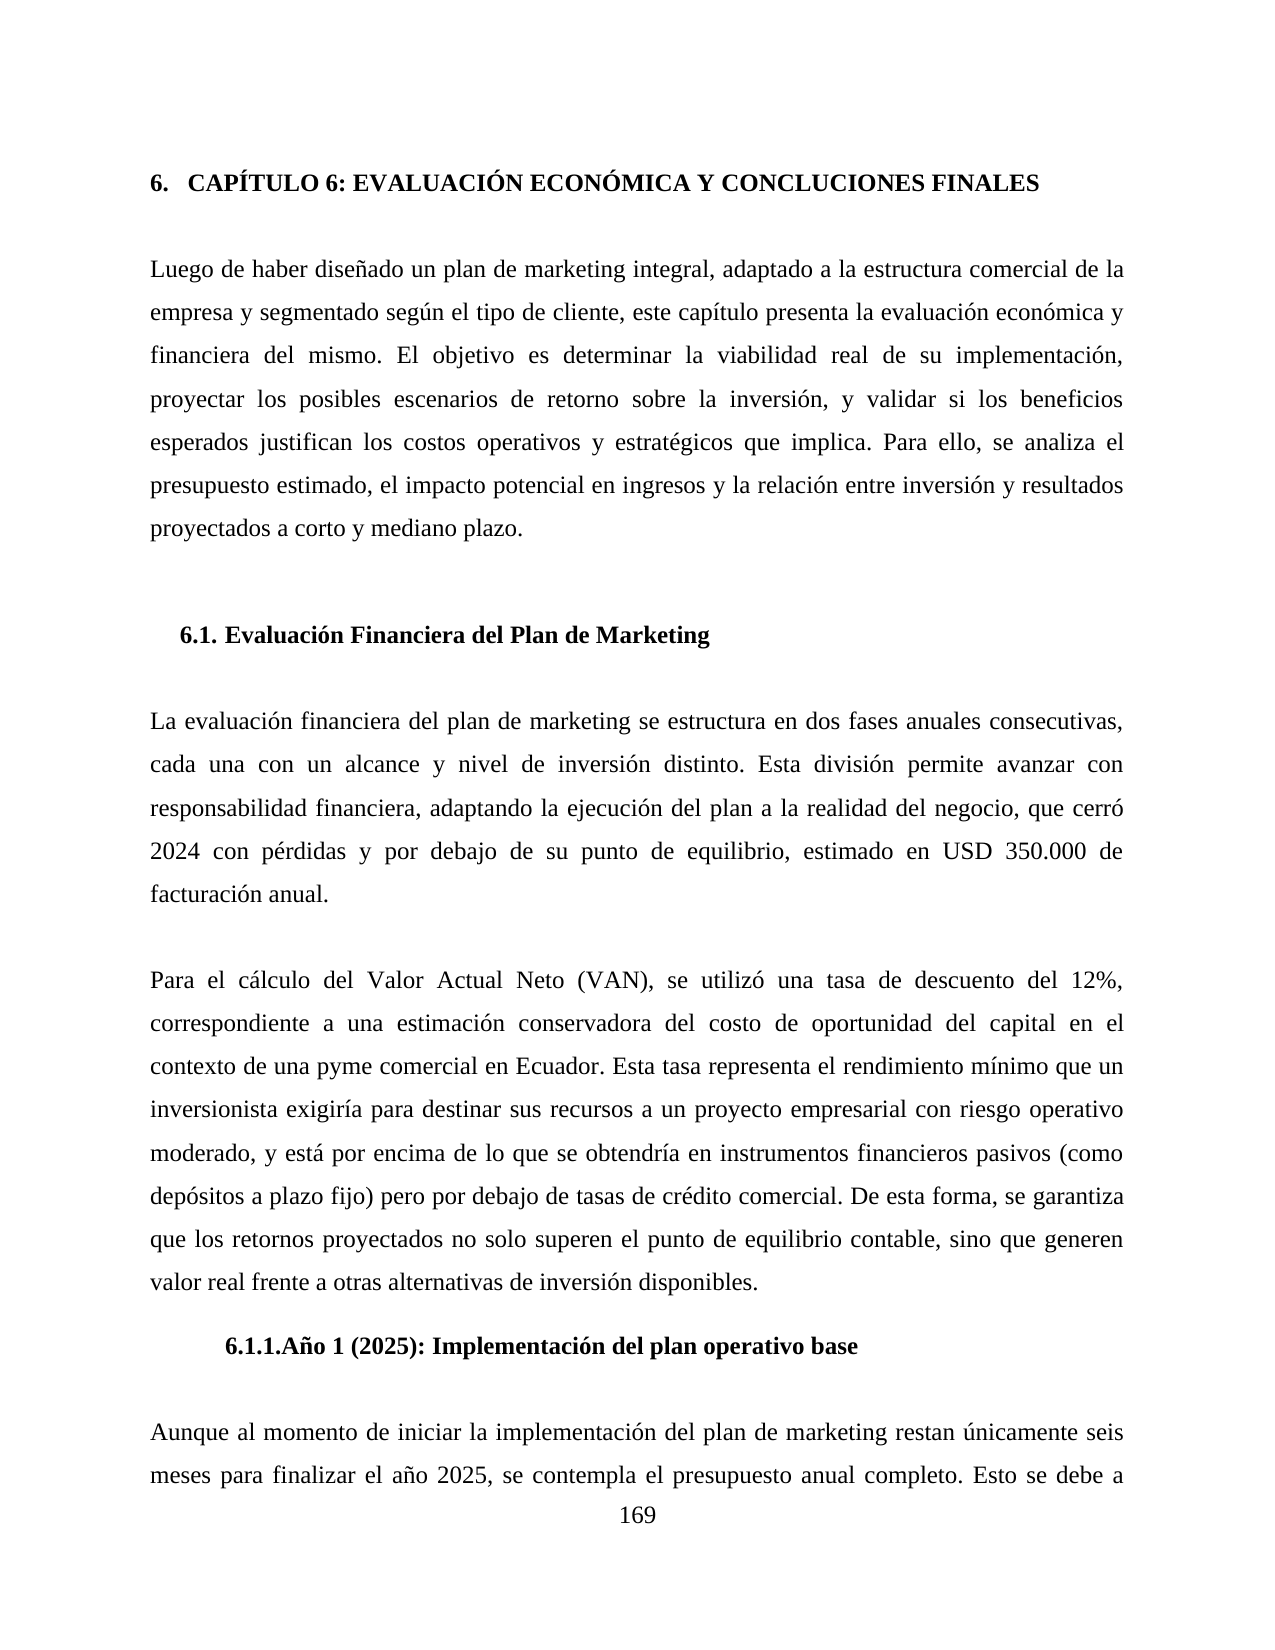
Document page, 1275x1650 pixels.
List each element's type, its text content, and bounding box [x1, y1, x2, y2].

text Aunque al momento de iniciar la implementación del plan de marketing restan únicamente seis meses para finalizar el año 2025, se contempla el presupuesto anual completo. Esto se debe a [150, 1417, 1125, 1489]
text Luego de haber diseñado un plan de marketing integral, adaptado a la estructura comercial de la empresa y segmentado según el tipo de cliente, este capítulo presenta la evaluación económica y financiera del mismo. El objetivo es determinar la viabilidad real de su implementación, proyectar los posibles escenarios de retorno sobre la inversión, y validar si los beneficios esperados justifican los costos operativos y estratégicos que implica. Para ello, se analiza el presupuesto estimado, el impacto potencial en ingresos y la relación entre inversión y resultados proyectados a corto y mediano plazo. [150, 254, 1125, 542]
text La evaluación financiera del plan de marketing se estructura en dos fases anuales consecutivas, cada una con un alcance y nivel de inversión distinto. Esta división permite avanzar con responsabilidad financiera, adaptando la ejecución del plan a la realidad del negocio, que cerró 2024 con pérdidas y por debajo de su punto de equilibrio, estimado en USD 350.000 de facturación anual. [150, 706, 1125, 908]
text Para el cálculo del Valor Actual Neto (VAN), se utilizó una tasa de descuento del 12%, correspondiente a una estimación conservadora del costo de oportunidad del capital en el contexto de una pyme comercial en Ecuador. Esta tasa representa el rendimiento mínimo que un inversionista exigiría para destinar sus recursos a un proyecto empresarial con riesgo operativo moderado, y está por encima de lo que se obtendría en instrumentos financieros pasivos (como depósitos a plazo fijo) pero por debajo de tasas de crédito comercial. De esta forma, se garantiza que los retornos proyectados no solo superen el punto de equilibrio contable, sino que generen valor real frente a otras alternativas de inversión disponibles. [150, 965, 1125, 1296]
list Año 1 (2025): Implementación del plan operativo base [225, 1331, 1125, 1360]
list Evaluación Financiera del Plan de Marketing [179, 620, 1125, 649]
list CAPÍTULO 6: EVALUACIÓN ECONÓMICA Y CONCLUCIONES FINALES [150, 168, 1125, 197]

################

Exercise goal:
Report the number of lines in the listing that contain the word "anual". No other words are permitted.

Finished exercise:
2